THE TASK >>
Quote the records exactly, starting at the first line and stopping after the line with "text Verleende vergunning"; skip the pictures.

DATA FOR ANALYSIS Block Start

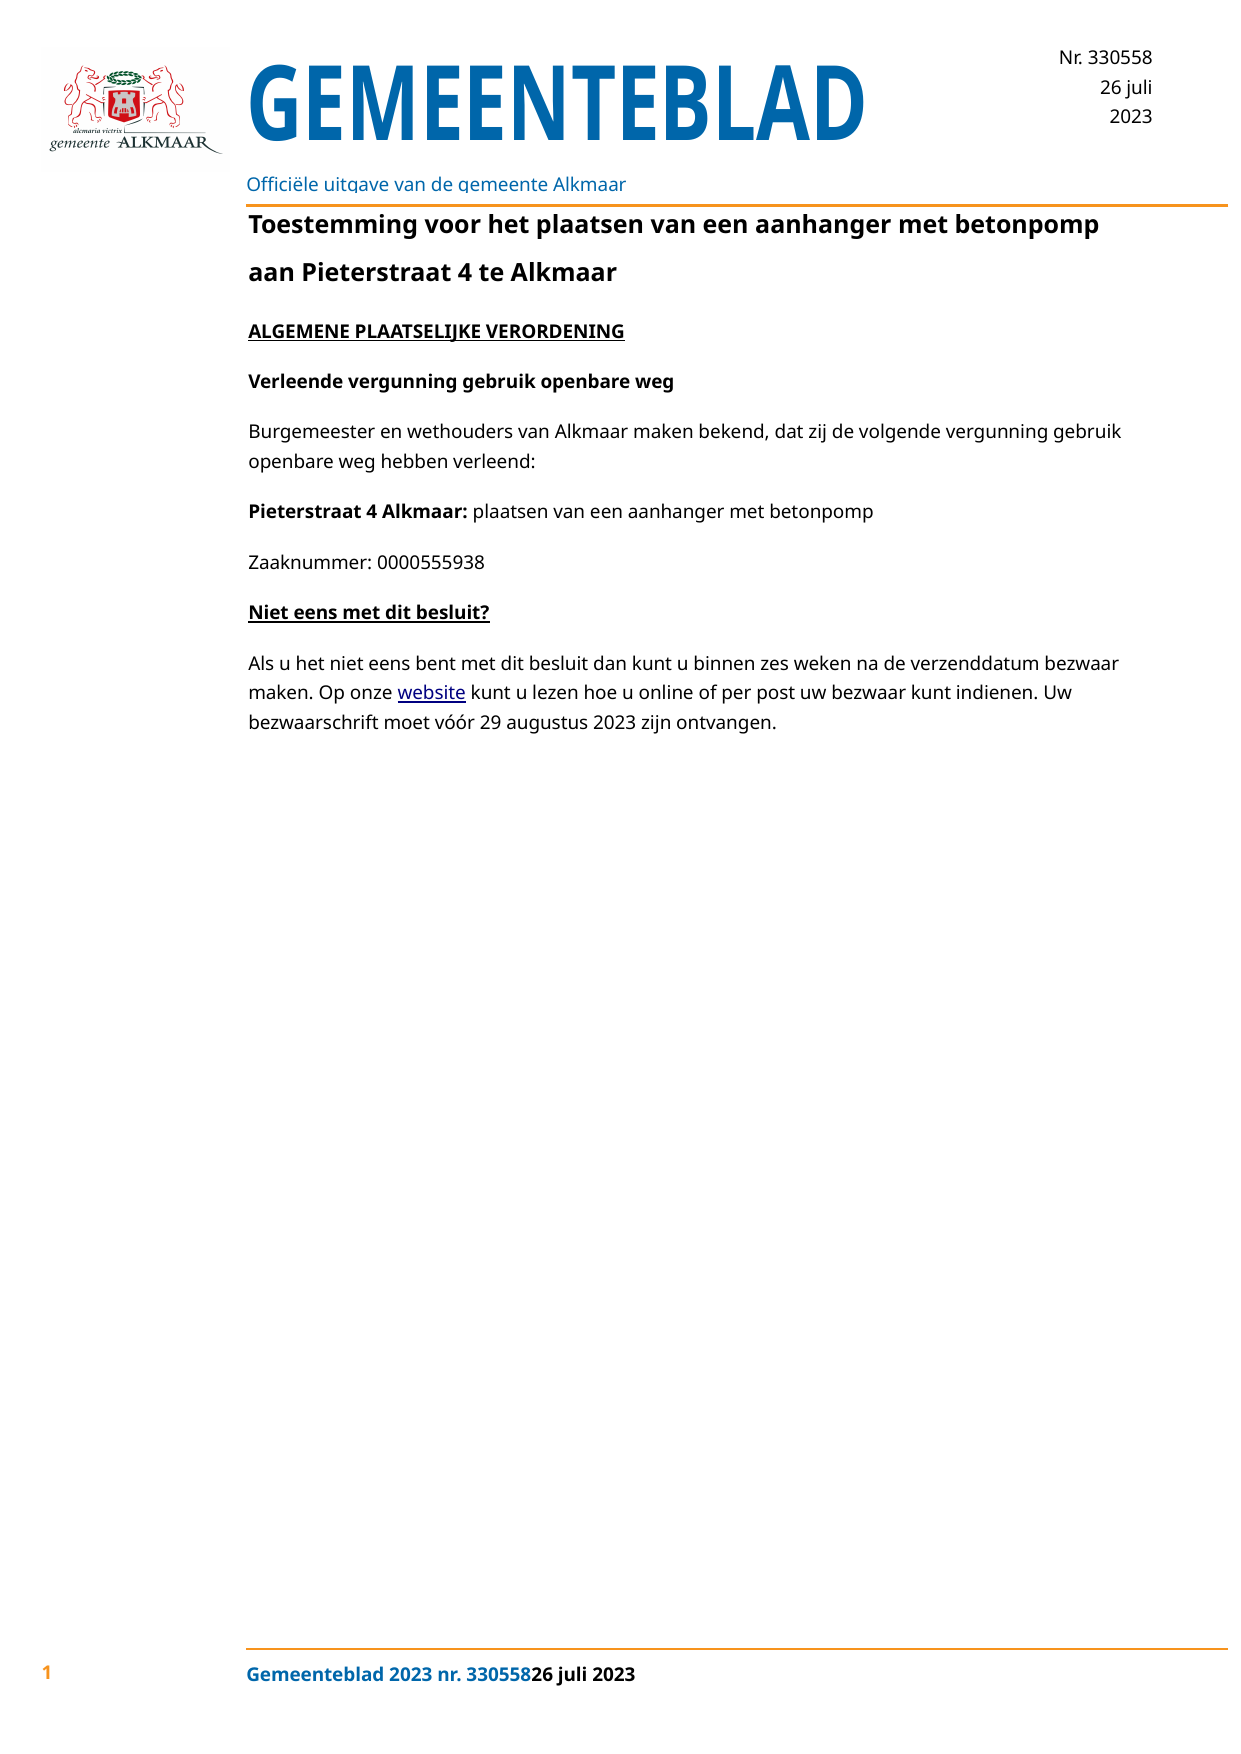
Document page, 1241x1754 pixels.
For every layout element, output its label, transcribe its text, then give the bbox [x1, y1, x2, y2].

text Zaaknummer: 0000555938 [248, 549, 1152, 575]
text Verleende vergunning gebruik openbare weg [248, 368, 1152, 394]
text Als u het niet eens bent met dit besluit dan kunt u binnen zes weken na de verzenddatum bezwaar maken. Op onze website kunt u lezen hoe u online of per post uw bezwaar kunt indienen. Uw bezwaarschrift moet vóór 29 augustus 2023 zijn ontvangen. [248, 650, 1152, 735]
text Pieterstraat 4 Alkmaar: plaatsen van een aanhanger met betonpomp [248, 499, 1152, 524]
text Burgemeester en wethouders van Alkmaar maken bekend, dat zij de volgende vergunning gebruik openbare weg hebben verleend: [248, 419, 1152, 474]
picture [41, 47, 231, 172]
text ALGEMENE PLAATSELIJKE VERORDENING [248, 318, 1152, 344]
text Toestemming voor het plaatsen van een aanhanger met betonpomp aan Pieterstraat 4 te Alkmaar [248, 207, 1152, 288]
text Niet eens met dit besluit? [248, 599, 1152, 625]
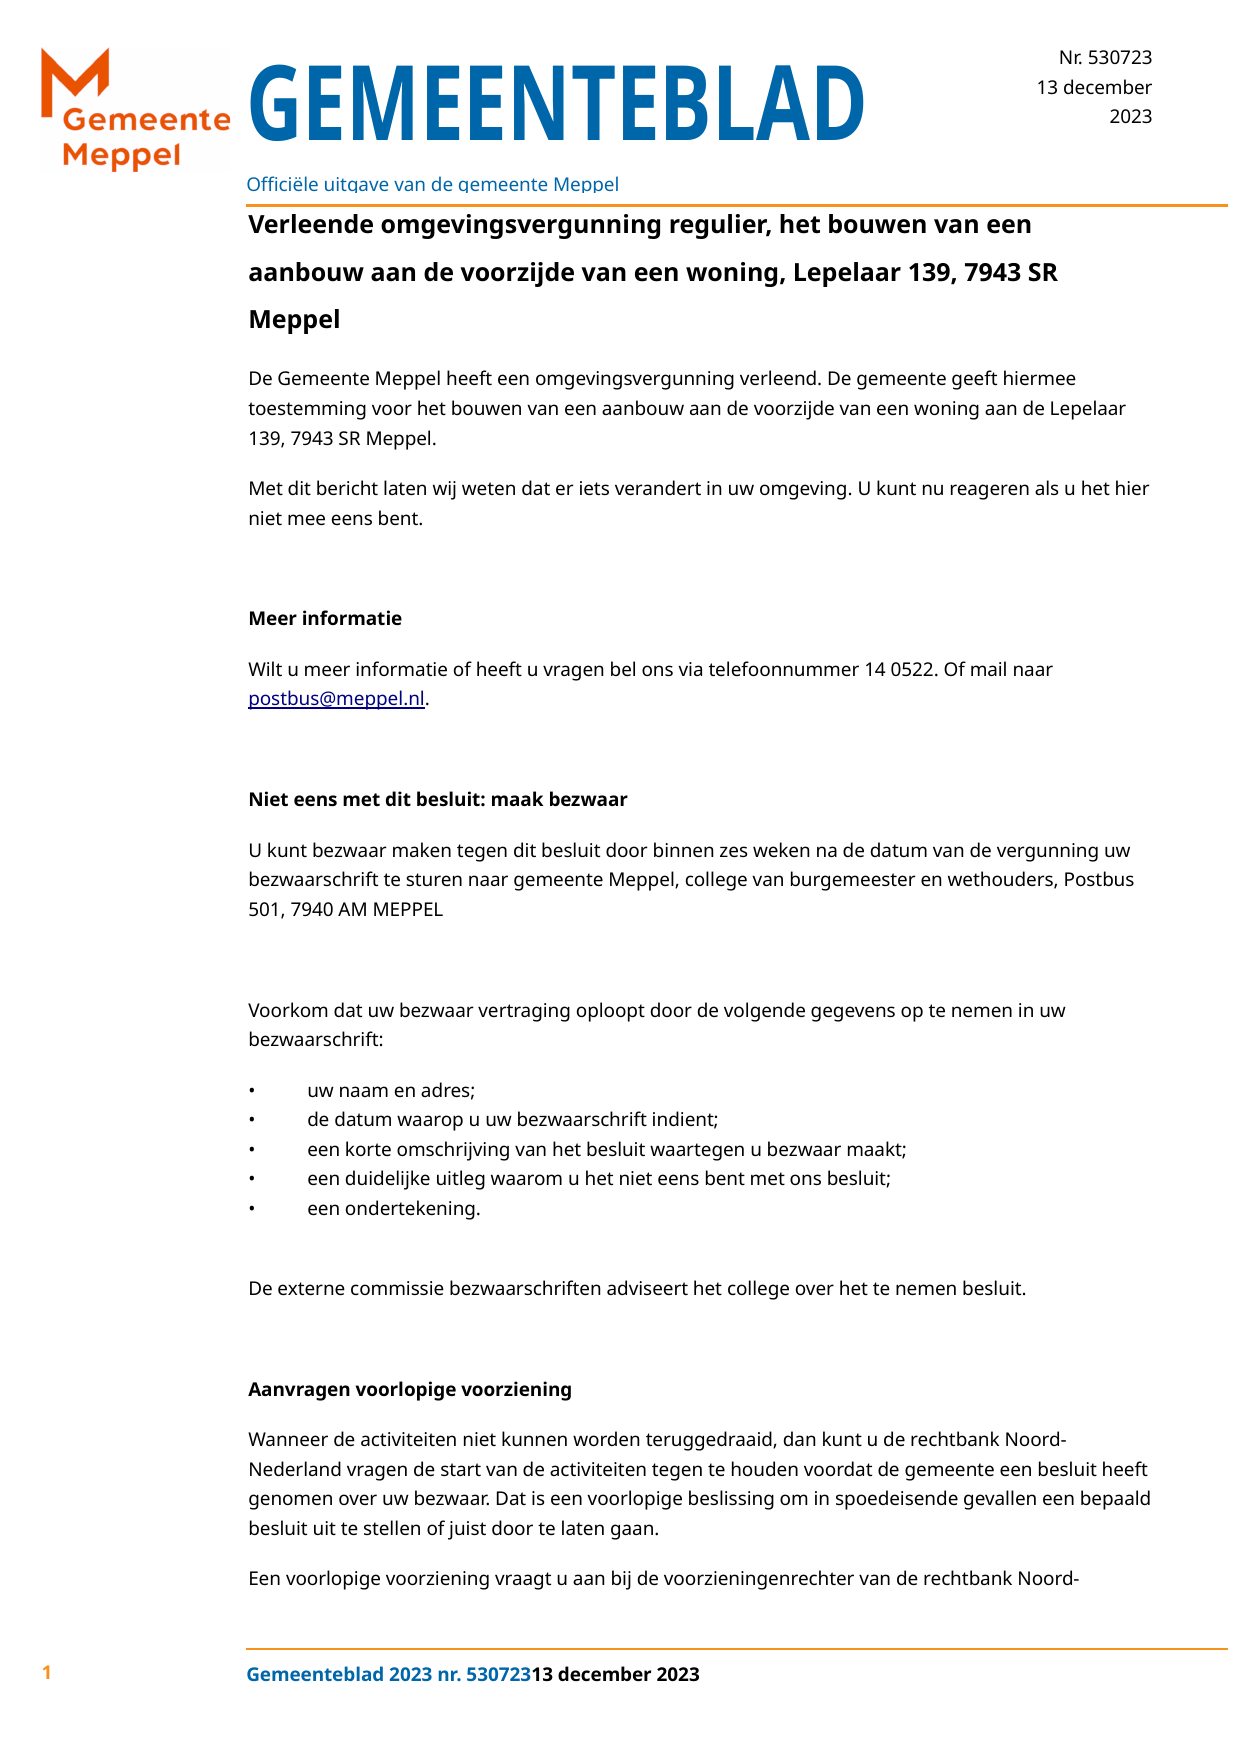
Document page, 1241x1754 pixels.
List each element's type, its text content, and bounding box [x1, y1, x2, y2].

text Wilt u meer informatie of heeft u vragen bel ons via telefoonnummer 14 0522. Of mail naar postbus@meppel.nl. [248, 656, 1152, 711]
picture [41, 47, 231, 172]
text Voorkom dat uw bezwaar vertraging oploopt door de volgende gegevens op te nemen in uw bezwaarschrift: [248, 997, 1152, 1052]
text U kunt bezwaar maken tegen dit besluit door binnen zes weken na de datum van de vergunning uw bezwaarschrift te sturen naar gemeente Meppel, college van burgemeester en wethouders, Postbus 501, 7940 AM MEPPEL [248, 837, 1152, 922]
text Meer informatie [248, 606, 1152, 631]
text Met dit bericht laten wij weten dat er iets verandert in uw omgeving. U kunt nu reageren als u het hier niet mee eens bent. [248, 475, 1152, 530]
list uw naam en adres; [248, 1077, 1152, 1102]
text Niet eens met dit besluit: maak bezwaar [248, 786, 1152, 812]
list de datum waarop u uw bezwaarschrift indient; [248, 1106, 1152, 1132]
list een korte omschrijving van het besluit waartegen u bezwaar maakt; [248, 1136, 1152, 1162]
text De Gemeente Meppel heeft een omgevingsvergunning verleend. De gemeente geeft hiermee toestemming voor het bouwen van een aanbouw aan de voorzijde van een woning aan de Lepelaar 139, 7943 SR Meppel. [248, 366, 1152, 450]
text De externe commissie bezwaarschriften adviseert het college over het te nemen besluit. [248, 1275, 1152, 1301]
text Wanneer de activiteiten niet kunnen worden teruggedraaid, dan kunt u de rechtbank Noord-Nederland vragen de start van de activiteiten tegen te houden voordat de gemeente een besluit heeft genomen over uw bezwaar. Dat is een voorlopige beslissing om in spoedeisende gevallen een bepaald besluit uit te stellen of juist door te laten gaan. [248, 1426, 1152, 1541]
list een duidelijke uitleg waarom u het niet eens bent met ons besluit; [248, 1166, 1152, 1191]
text Verleende omgevingsvergunning regulier, het bouwen van een aanbouw aan de voorzijde van een woning, Lepelaar 139, 7943 SR Meppel [248, 207, 1152, 336]
text Aanvragen voorlopige voorziening [248, 1376, 1152, 1402]
list een ondertekening. [248, 1195, 1152, 1221]
text Een voorlopige voorziening vraagt u aan bij de voorzieningenrechter van de rechtbank Noord- [248, 1566, 1152, 1591]

DATA FOR ANALYSIS Block End

ANSWER AREA >>
Document page, 1241x1754 pixels.
For every layout element, output its label, transcribe its text, then give the bbox [x1, y1, x2, y2].

text Zaaknummer: 0000555938 [248, 549, 1152, 575]
text Verleende vergunning gebruik openbare weg [248, 368, 1152, 394]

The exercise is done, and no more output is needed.